Текст этого неотправленного предназначенного для Антонины письма сохранился. В нем он довольно резко заявлял супруге, что за «целую серию поступков детски неосмысленных» он «принужден наказать» ее, как наказывают детей лишением какого-либо материального блага, «Я лишаю Вас одной трети Вашей пенсии, — писал он ей, — отныне, впредь до изменения, Вы будете получать 100 рублей». Далее композитор напоминал ей, что в 1878 году она отказалась от развода, тем самым заслужив его справедливое негодование за преследование; затем вступила в нелегальную связь с неизвестным ему человеком и, будучи тогда женщиной состоятельной, поместила своих детей в воспитательный дом. Несмотря на то, что за такое поведение она была достойна отказа в денежной помощи, он сжалился и назначил ей 50 рублей в месяц. Став богаче вследствие дарованной ему пенсии, он удвоил ей ежемесячное пособие. Через год по просьбе Милюковой он снова увеличил сумму, но теперь всему пришел конец, поскольку она начала беспокоить Рубинштейна. Это ставшее последним в переписке супругов письмо кажется в целом жестоким (хотя Чайковский жестоким человеком не был)* но даже в нем ощутимы и ноты жалости, которые почти всегда (несмотря на чрезвычайное раздражение) проглядывают в его упоминаниях о Милюковой. Юргенсон это письмо не отправил, но пенсию сократил до ста рублей.
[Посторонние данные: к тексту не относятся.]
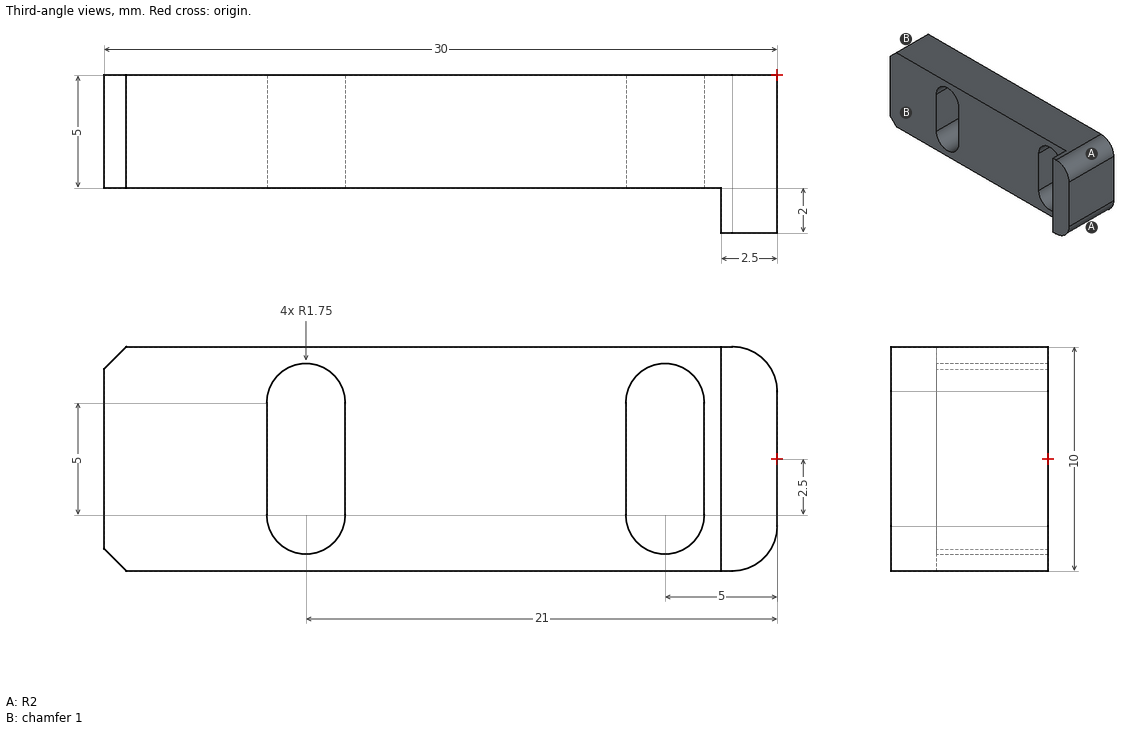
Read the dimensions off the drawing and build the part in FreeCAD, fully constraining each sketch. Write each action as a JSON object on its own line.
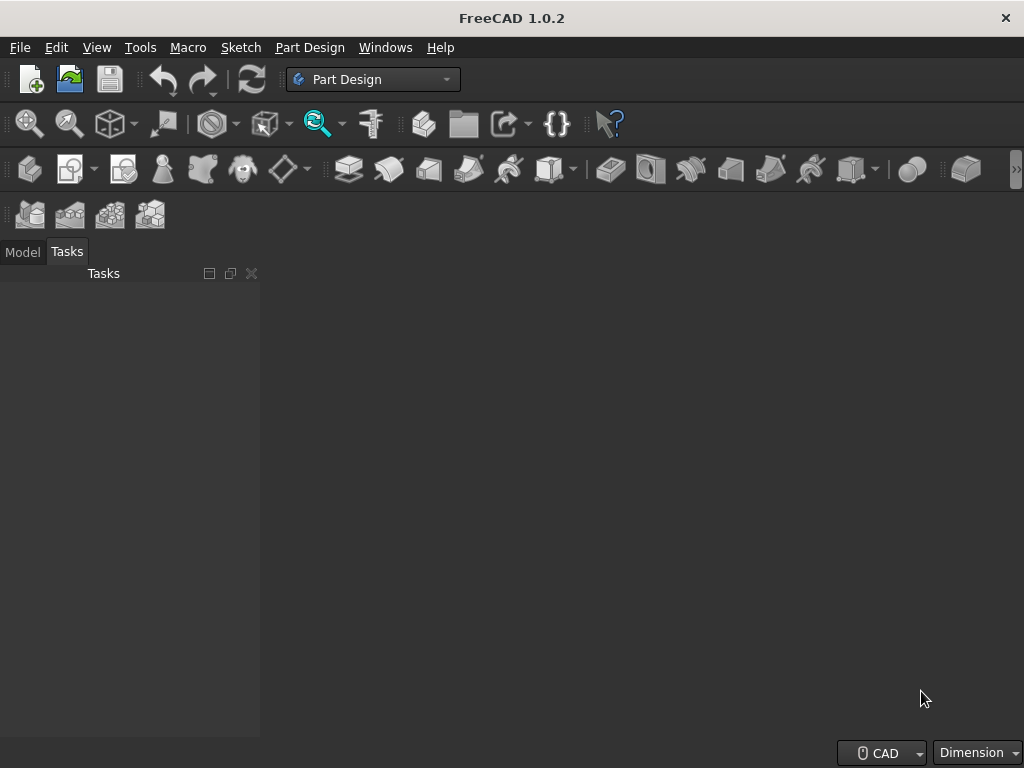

Доведенная до отчаяния, Антонина прилагала последние усилия, чтобы чудо совершилось и обожаемый Петр Ильич к ней вернулся. Ситуация складывалась трагическая. Отдав детей в сиротский дом, где они все вскоре умерли, и похоронив в 1888 году гражданского мужа Александра Шлыкова, скончавшегося от туберкулеза, она начала скитаться меж двух столиц, медленно, но верно теряя разум. Она стала искать хоть какую-то жизненную нишу, безуспешно пытаясь устроиться на работу. Ежемесячной пенсии в 100 рублей, назначенной Чайковским, едва хватало; она просила ее увеличить, но безрезультатно. Все эти годы Антонина Ивановна имела дело лишь с Юргенсоном, личных контактов с мужем больше у нее не возникало.
История с ее обращением к Рубинштейну не могла не отразиться на психическом состоянии Чайковского. В тот же день, 30 января, в дневнике он записал: «Письмо П[етра] Ивановича] Ю[ргенсона] с известием об А[нтонине] И[вановне] страшно расстроило меня. Весь день был как сумасшедший. Спал скверно. Не работал». Его состояние отчетливо проявилось и в письмах, отправленных в этот день — не только своему издателю и несчастной супруге, но и адресованном молодому композитору Александру Глазунову, с которым он познакомился несколько лет назад и подружился. Начало этого письма, отразившее минутное настроение автора по причине коллизии с Антониной, часто цитируется биографами вне контекста, как иллюстрация якобы его личностного кризиса в конце жизни: «Переживаю очень загадочную стадию на пути к могиле. Что-то свершается в моем нутре, для меня самого непонятное; какая-то усталость от жизни, какое-то разочарование; но временами безумная тоска, но не та, в глубине которой предвидение нового прилива любви к жизни, а нечто безнадежное, финальное и даже, как это свойственно финалам, — банальное. А вместе с этим охота писать страшная. Черт знает что такое: с одной стороны, как будто чувствую, что песенка моя уже спета, а с другой — непреодолимое желание затянуть или все ту же, или, еще лучше, новую песенку».
Уже на следующий день запись в дневнике звучит совершенно иначе: «Работалось лучше; вечером перед обедом посетило настоящее вдохновенье». И через три месяца в письме Анатолию: «Я теперь в периоде особенной любви к жизни. Ношусь с сознанием удачно оконченного труда». Как и прежде, депрессия, вызванная неприятным событием, прошла довольно скоро. Его творческое эго, стремление созидать всегда перевешивало жизненные неурядицы.